Russia Foreign and Security Policy 2000-2008

Russia Foreign and Security Policy 2000-2008

Significant was the ratification of the START II treaty by Russia (approval by the State Duma and the Federation Council in April 2000). In October 2000 Russia agreed a “strategic partnership” with India, including an expansion of military-technical cooperation (armaments contracts). In March 2001, a new cooperation agreement was also concluded with Iran (particularly for the armaments sector). The People’s Republic of China and Russia signed a treaty on good neighborly relations, friendship and cooperation in July 2001 for a period of 20 years. The cooperation offered by Russia immediately after the terrorist attacks in the USA (September 11, 2001) within the framework of an anti-terror alliance initially improved the Russian-American relationship significantly. So came Putin on a state visit to the USA in November 2001 with the American President G. W. Bush agreed to reduce the nuclear weapons of both countries by about two thirds within ten years. Russia also used the international reputation it had gained to equate the Russian military intervention in Chechnya (in a questionable way) with the war against terrorism in Afghanistan, which it, among other things. with arms deliveries to the Afghan Northern Alliance and his support for the temporary stationing of US units in the Central Asian CIS republics. After the fall of the Taliban, Russia was the first country to reopen its embassy in Afghanistan on November 30, 2001. A renewed upset in the Russian-American relationship led on December 13th.
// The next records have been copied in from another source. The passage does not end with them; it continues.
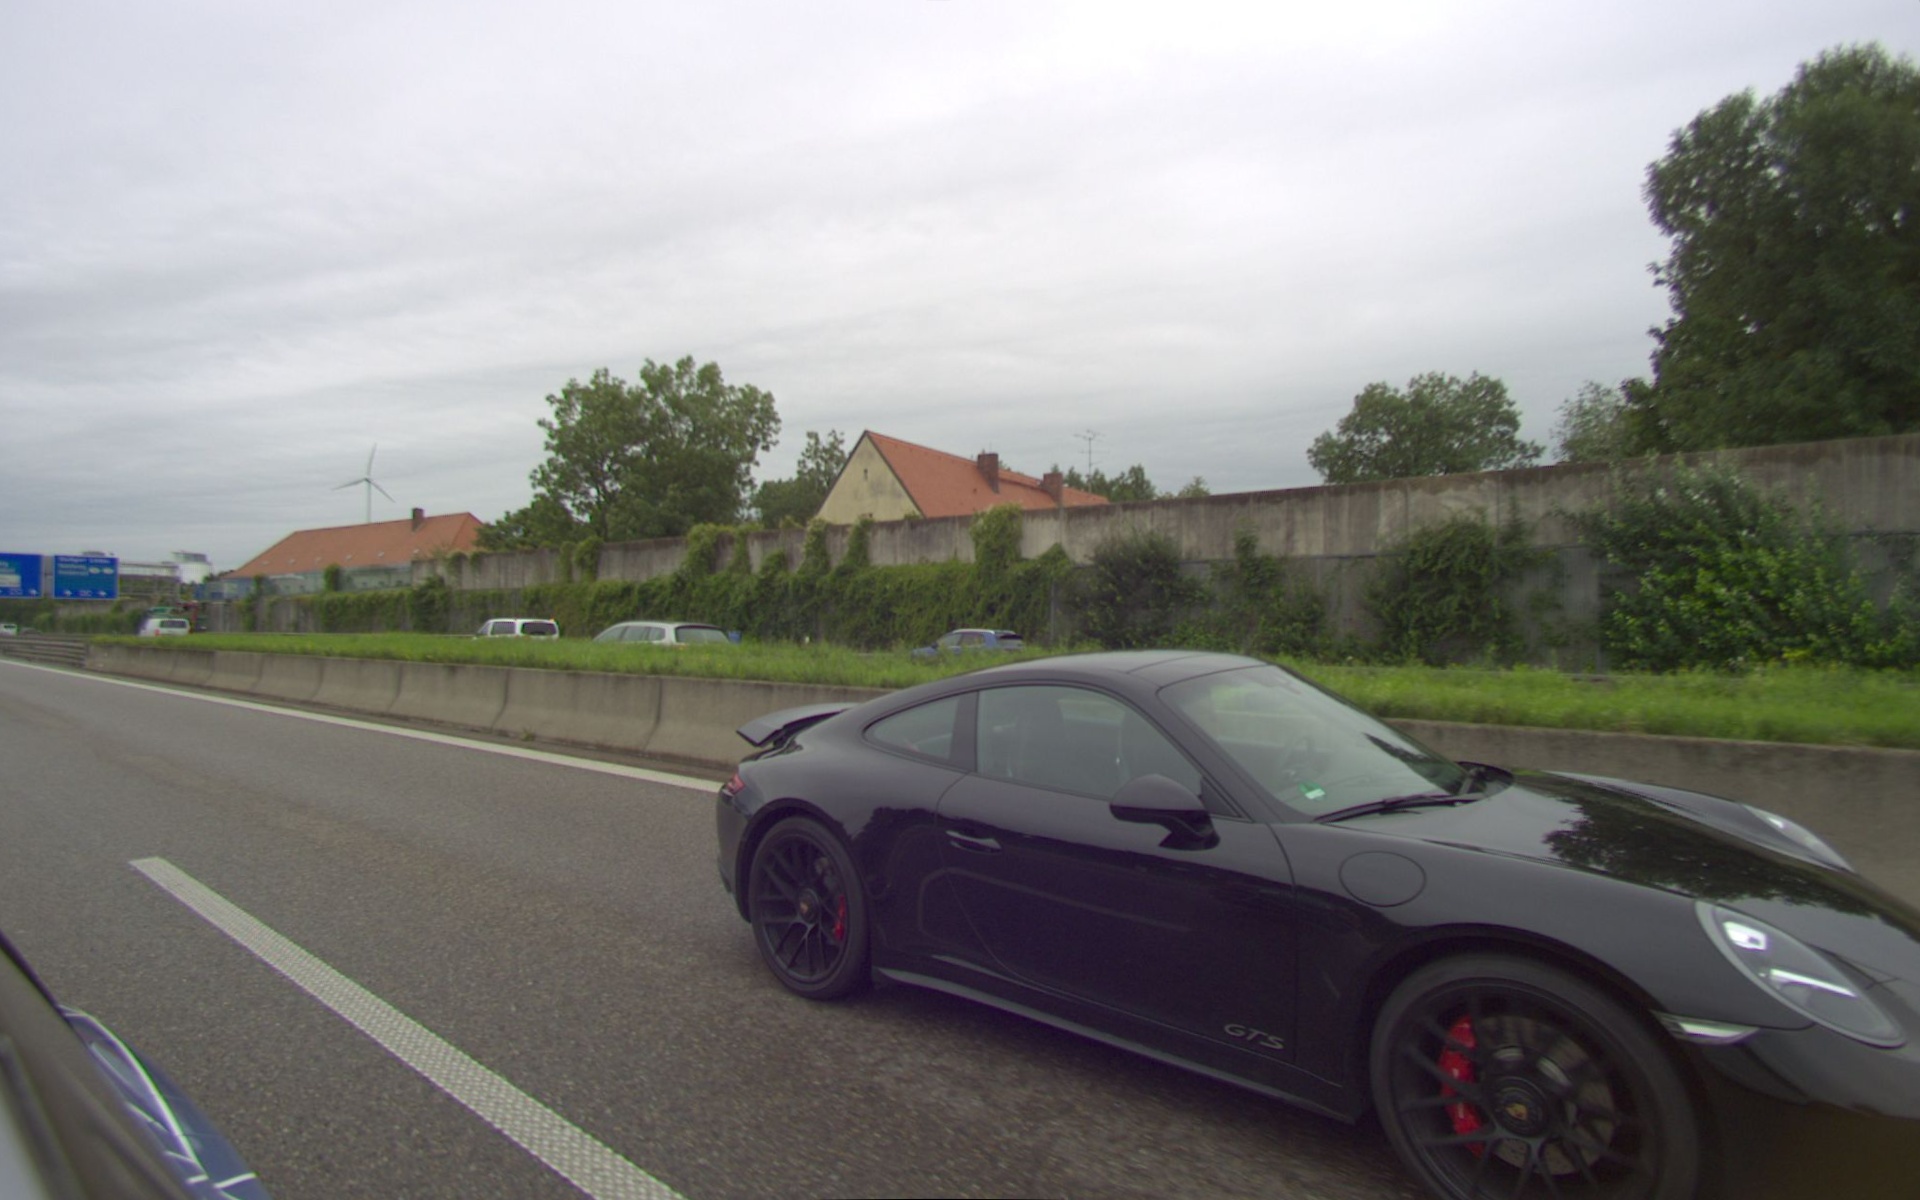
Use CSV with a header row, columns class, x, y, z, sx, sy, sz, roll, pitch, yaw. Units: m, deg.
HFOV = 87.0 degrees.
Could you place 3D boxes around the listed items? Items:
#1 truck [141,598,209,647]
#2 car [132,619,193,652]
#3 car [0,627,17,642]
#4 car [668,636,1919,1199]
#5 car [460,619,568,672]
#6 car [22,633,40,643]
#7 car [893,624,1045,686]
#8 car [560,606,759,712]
class,x,y,z,sx,sy,sz,roll,pitch,yaw
truck,-63.934,1.781,82.380,8.330,3.805,2.664,-1,0,40
car,-50.765,2.234,64.420,5.191,2.029,2.059,-2,-2,40
car,-139.130,5.003,147.467,4.954,2.029,1.973,-1,0,41
car,1.164,0.814,3.320,4.921,1.281,1.634,-1,0,40
car,-18.394,1.804,41.602,5.223,2.029,1.973,-1,0,40
car,-159.116,6.441,173.287,4.521,1.564,1.935,-1,0,43
car,0.231,1.513,28.937,3.995,1.586,1.974,-1,0,39
car,-6.491,1.167,21.633,4.397,2.029,1.974,-1,0,40
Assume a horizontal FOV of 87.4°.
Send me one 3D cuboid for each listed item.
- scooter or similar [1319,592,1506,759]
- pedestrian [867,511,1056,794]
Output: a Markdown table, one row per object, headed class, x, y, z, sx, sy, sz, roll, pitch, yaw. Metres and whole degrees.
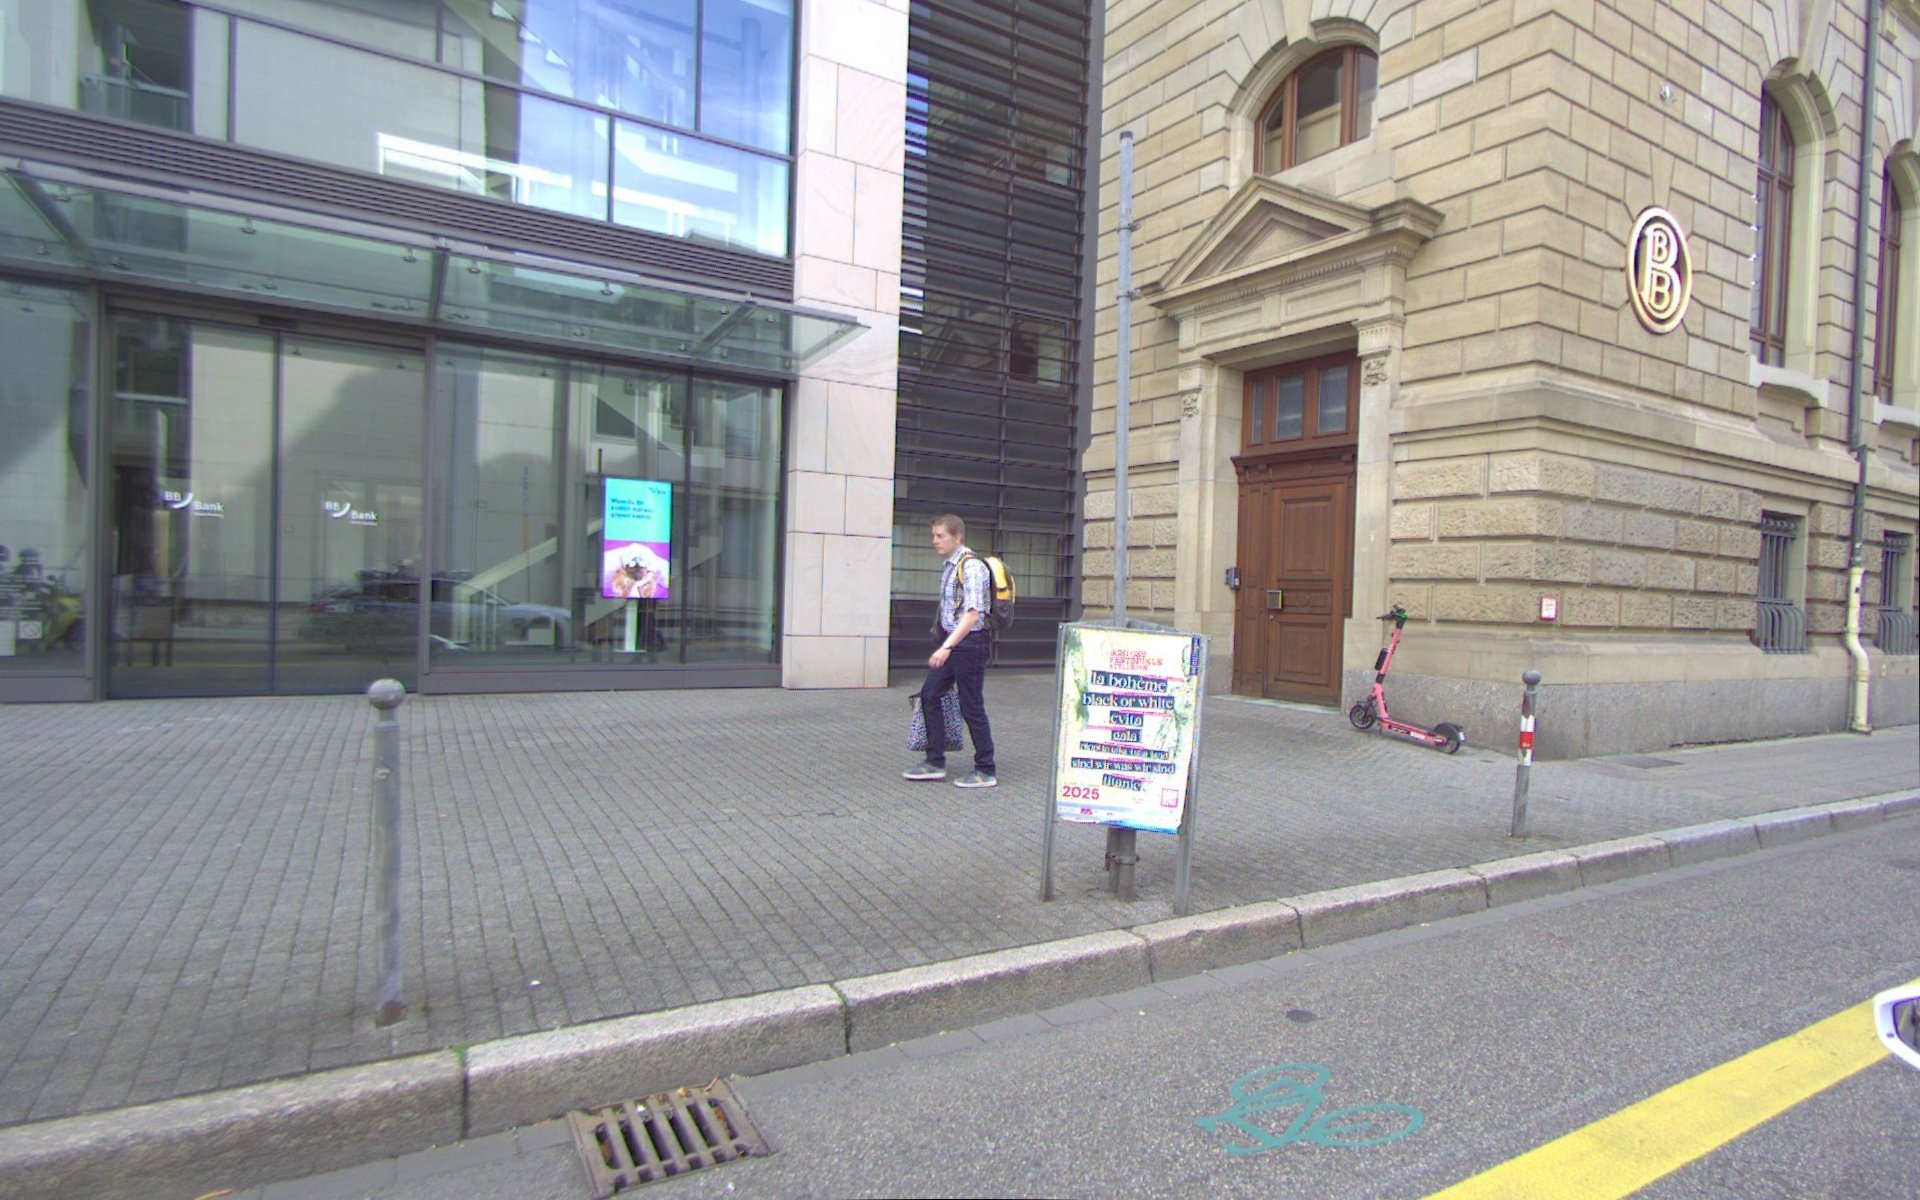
| class | x | y | z | sx | sy | sz | roll | pitch | yaw |
| --- | --- | --- | --- | --- | --- | --- | --- | --- | --- |
| scooter or similar | 4.139 | 0.642 | 9.300 | 0.580 | 1.328 | 1.439 | 0 | 4 | -30 |
| pedestrian | -0.017 | 0.313 | 6.811 | 0.809 | 1.743 | 1.021 | 2 | 2 | -30 |
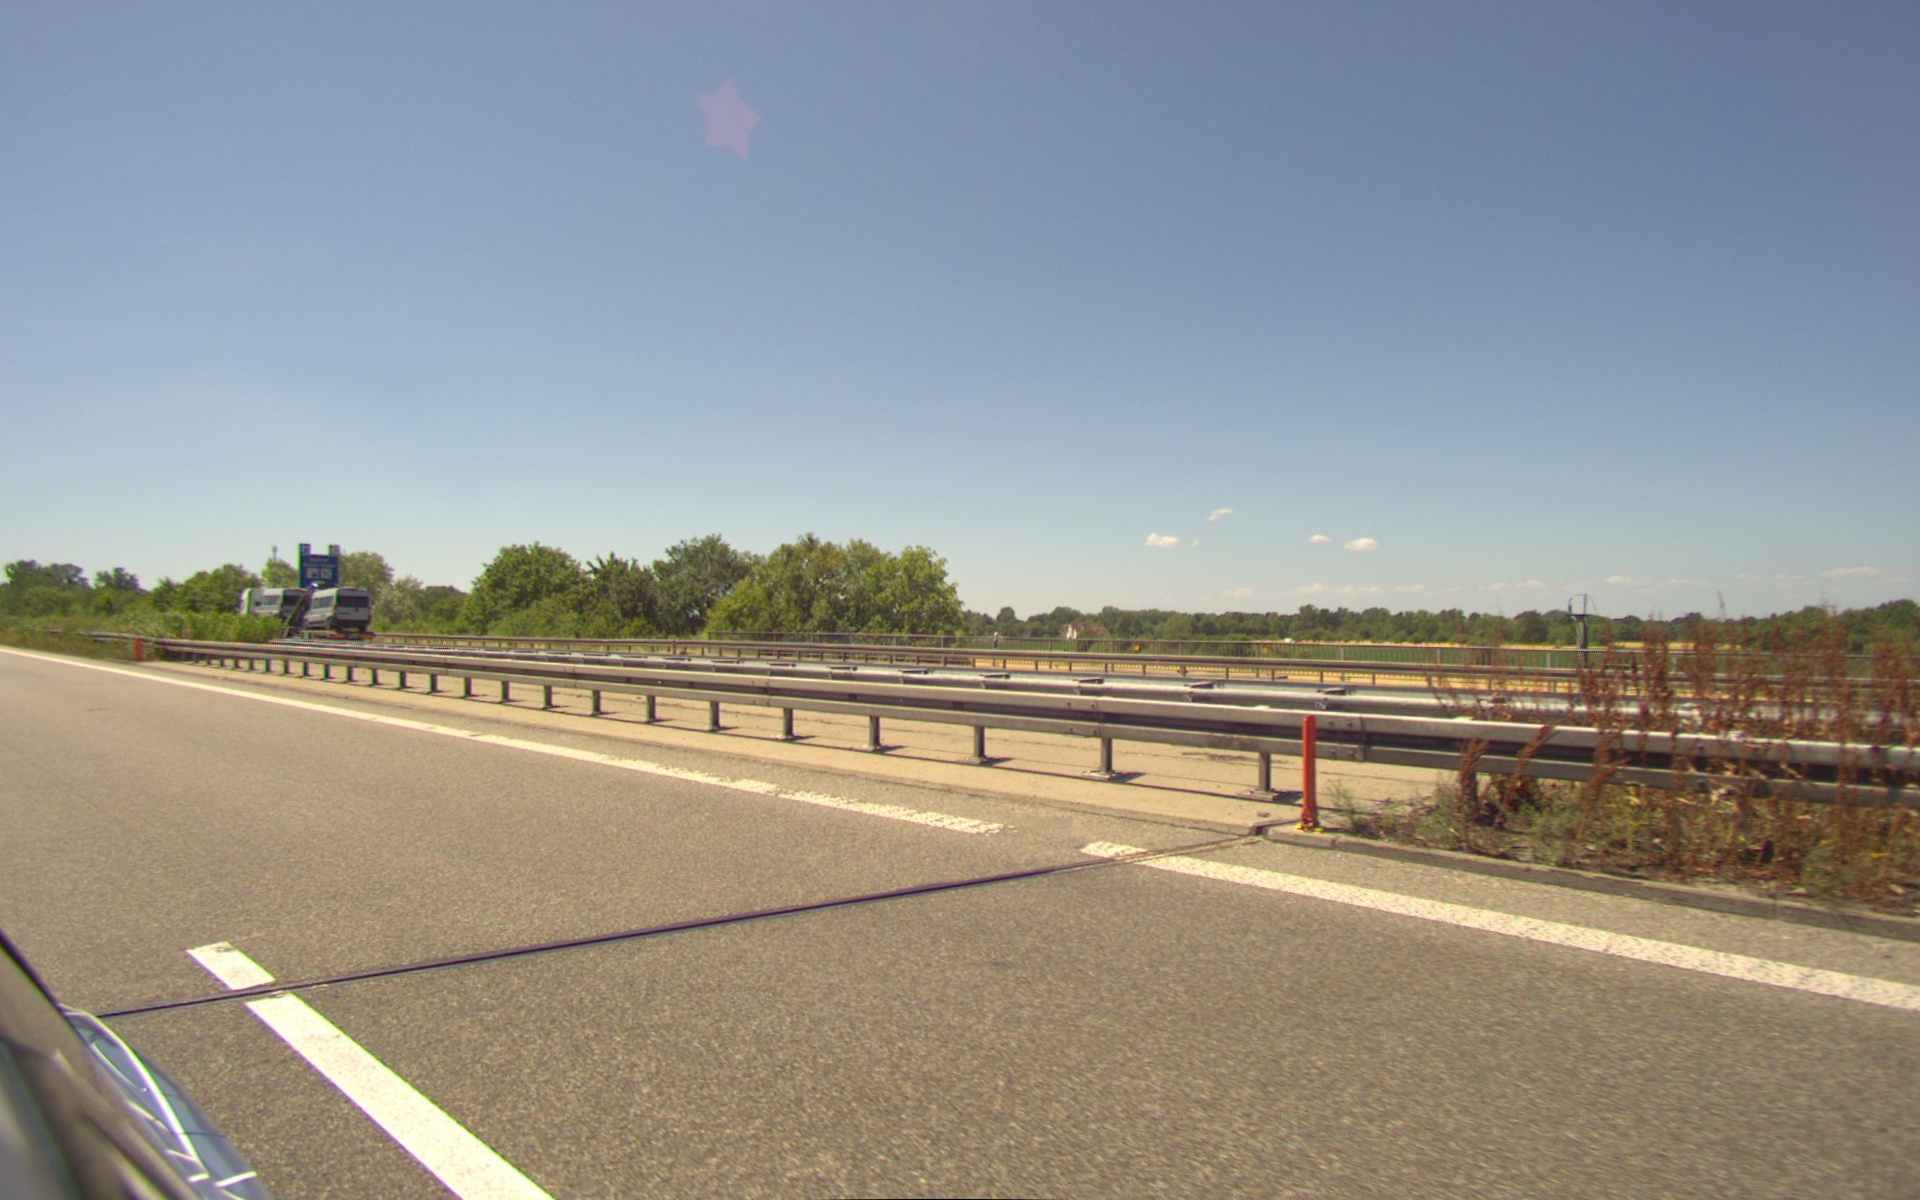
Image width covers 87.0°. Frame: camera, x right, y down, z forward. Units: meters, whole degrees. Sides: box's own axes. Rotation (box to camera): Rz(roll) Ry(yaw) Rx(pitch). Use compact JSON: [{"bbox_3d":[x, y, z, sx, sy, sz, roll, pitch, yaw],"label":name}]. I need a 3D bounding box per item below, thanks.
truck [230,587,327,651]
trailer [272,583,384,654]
[{"bbox_3d":[-45.696,1.244,67.672,9.617,4.021,2.887,-1,-1,41],"label":"truck"},{"bbox_3d":[-38.530,1.118,61.518,9.651,4.021,2.896,-1,-1,40],"label":"trailer"}]

To make cooperation more effective, in December 2001 NATO proposed membership to Russia in a “Council of Twenty” (19 NATO countries and Russia); Russia and five other CIS republics (Armenia, Kazakhstan, Kyrgyzstan, Tajikistan and Belarus) thereupon announced in mid-May 2002 the establishment of a military alliance prepared to cooperate with NATO (planning as part of a new global security system).

Regardless of individual differences of opinion (e.g. with regard to Iran and NATO’s eastward expansion), Putin and the American President Bush came to an understanding on a “strategic partnership” and signed the nuclear weapons disarmament treaty that had already been agreed in November 2001 in Moscow on May 24, 2002. A new quality in the relationship between NATO and Russia was expressed inter alia. in the opening of a military liaison mission of the North Atlantic Alliance in Moscow in May 2002 and the reconstitution of a NATO-Russia Council on May 28, 2002 in Italy, in which Russia “as an equal partner” has a say in important international issues (particularly in the fight against terrorism, Disarmament and the settlement of regional crises). At the world economic summit at the end of June 2002 it was decided to grant Russia the status of an equal member of the G8 from 2006 onwards.

On September 30, 2004, the Russian government approved the ratification of the Kyoto Protocol to reduce emissions of greenhouse gases and climate pollutants, thus clearing the way for its entry into force (Conference of the Parties). In November 2004, President Putin announced that work is being carried out in Russia on the development and deployment of new (unique) nuclear weapons. The first joint military maneuver (August 18-25, 2005) by Russia and China served to expand the “strategic partnership” between the two countries. Due to ongoing differences between Russia and the Baltic states (especially in the assessment of their occupation by the Soviet Union in 1940), the long-prepared conclusion of border treaties with Estonia and Latvia failed in 2005. On January 1, 2006, Russia took over the chairmanship of the G8 for the first time.

Another controversy in the Russian-American relationship was triggered in 2007 by Russia’s plan to station a missile defense system in Eastern Europe (Poland, Czech Republic), which Russia viewed as destabilizing the security situation. Russia also turned against the independence of Kosovo, which was recognized by the USA and various EU states in February 2008, and assessed this step as a mistake by the “West” because it sent a signal for separatist movements.